Este ano a cidade terá o Arraiá Cultural entre 22 e 24 de junho, com 13 atrações locais e regionais e a perspectiva de movimentar o Centro Histórico, com forró, bebidas e comidas típicas. Estas serão vendidas em 10 barracas que levam os nomes de expoentes do forró baiano e nordestino, de Luiz Gonzaga a Adelmário Coelho e Elba Ramalho.
“Estamos resgatando o São João Raiz, valorizando os nossos artistas, as nossas quadrilhas juninas, inclusive com incentivo às juninas mirins”, afirmou o secretário de Cultura e Turismo, Virgulino Pinto (Gulla do Kimarrei). Ele pontuou os concursos de quadrilhas em diferentes categorias e apresentações musicais na praça Landulfo Alves e no Mercado Cultural Caparrosa.
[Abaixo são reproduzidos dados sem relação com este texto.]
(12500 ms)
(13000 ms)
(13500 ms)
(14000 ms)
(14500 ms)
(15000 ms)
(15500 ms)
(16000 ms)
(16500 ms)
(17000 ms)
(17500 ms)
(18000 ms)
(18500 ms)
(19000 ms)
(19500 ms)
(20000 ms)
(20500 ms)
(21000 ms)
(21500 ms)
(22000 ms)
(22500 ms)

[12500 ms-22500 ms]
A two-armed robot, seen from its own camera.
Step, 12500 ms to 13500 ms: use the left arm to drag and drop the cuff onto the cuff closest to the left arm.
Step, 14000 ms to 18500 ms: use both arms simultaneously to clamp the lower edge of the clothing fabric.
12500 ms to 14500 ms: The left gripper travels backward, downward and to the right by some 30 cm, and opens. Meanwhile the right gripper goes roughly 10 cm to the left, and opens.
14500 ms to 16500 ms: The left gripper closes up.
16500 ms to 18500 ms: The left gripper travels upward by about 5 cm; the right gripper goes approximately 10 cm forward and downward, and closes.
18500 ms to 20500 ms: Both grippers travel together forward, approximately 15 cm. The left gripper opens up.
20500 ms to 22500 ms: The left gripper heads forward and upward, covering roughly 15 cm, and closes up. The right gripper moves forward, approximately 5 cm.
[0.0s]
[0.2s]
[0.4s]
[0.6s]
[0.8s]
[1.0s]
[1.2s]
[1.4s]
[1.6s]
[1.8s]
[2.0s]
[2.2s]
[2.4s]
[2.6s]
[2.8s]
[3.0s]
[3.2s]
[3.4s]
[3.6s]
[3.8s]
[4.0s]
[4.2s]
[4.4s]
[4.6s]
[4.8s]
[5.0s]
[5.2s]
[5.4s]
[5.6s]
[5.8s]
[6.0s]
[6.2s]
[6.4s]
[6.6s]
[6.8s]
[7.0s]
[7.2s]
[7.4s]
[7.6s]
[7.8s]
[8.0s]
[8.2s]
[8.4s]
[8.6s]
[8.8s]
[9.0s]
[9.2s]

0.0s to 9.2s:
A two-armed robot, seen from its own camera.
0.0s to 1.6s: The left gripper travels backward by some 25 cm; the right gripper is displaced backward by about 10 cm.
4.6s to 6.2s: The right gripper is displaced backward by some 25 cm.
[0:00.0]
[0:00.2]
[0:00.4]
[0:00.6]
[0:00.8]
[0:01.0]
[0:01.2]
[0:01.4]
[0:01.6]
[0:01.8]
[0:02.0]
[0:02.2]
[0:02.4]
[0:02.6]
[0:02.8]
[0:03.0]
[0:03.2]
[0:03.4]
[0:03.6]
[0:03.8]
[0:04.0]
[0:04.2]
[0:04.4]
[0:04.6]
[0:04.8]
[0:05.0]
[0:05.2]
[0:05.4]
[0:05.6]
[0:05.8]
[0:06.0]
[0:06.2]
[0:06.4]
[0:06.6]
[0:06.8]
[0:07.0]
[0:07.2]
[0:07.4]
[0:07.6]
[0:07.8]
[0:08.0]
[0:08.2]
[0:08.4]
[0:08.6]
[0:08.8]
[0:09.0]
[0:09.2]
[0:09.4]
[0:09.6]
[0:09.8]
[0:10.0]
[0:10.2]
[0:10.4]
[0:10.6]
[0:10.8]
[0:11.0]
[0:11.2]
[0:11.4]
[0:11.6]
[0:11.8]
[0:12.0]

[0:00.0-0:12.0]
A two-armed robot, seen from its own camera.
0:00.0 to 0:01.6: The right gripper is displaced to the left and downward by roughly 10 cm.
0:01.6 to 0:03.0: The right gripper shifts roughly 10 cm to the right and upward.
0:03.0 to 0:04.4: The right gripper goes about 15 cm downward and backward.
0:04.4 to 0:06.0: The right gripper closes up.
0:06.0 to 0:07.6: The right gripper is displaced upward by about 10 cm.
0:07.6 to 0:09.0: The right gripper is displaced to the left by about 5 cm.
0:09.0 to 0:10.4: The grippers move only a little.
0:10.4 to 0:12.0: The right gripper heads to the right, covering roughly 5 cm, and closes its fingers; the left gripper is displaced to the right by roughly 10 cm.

A estudante de Psicologia, Patrícia Fonseca, trabalha com produção e venda de bolo de mandioca, pamonha, curau e milho verde cozido. Ela se disse animada com o movimento deste ano, pois desde o final de maio está atendendo pedidos para festas. “Primeiro foi Santo Antônio, agora São João e já temos encomendas para São Pedro. Além das festas de rua as pessoas fazem novenas nas igrejas e também nas casas. Muito bom este período do ano”, concluiu.